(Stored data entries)
Content starts

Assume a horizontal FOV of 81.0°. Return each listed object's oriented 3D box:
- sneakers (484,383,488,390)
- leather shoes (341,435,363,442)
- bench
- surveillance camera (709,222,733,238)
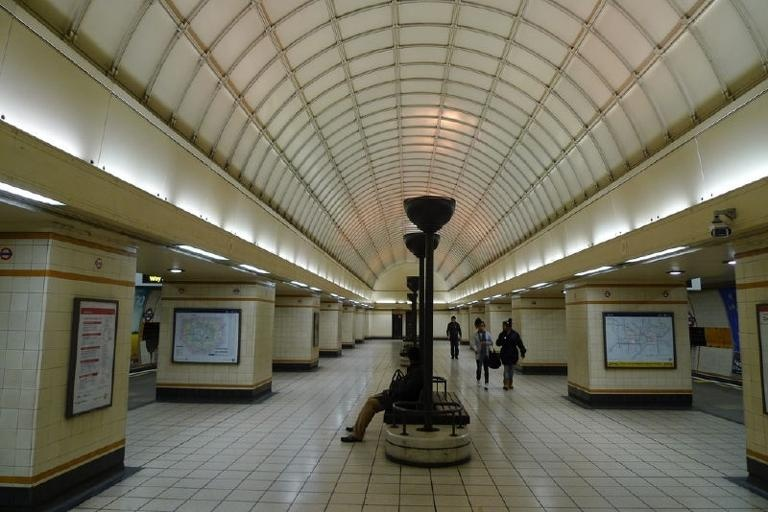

Content ends

■ **Aim of the exercise**
Give the records a second time exactly, keeping the images out.

■ **Response**
Assume a horizontal FOV of 81.0°. Return each listed object's oriented 3D box:
- sneakers (484,383,488,390)
- leather shoes (341,435,363,442)
- bench
- surveillance camera (709,222,733,238)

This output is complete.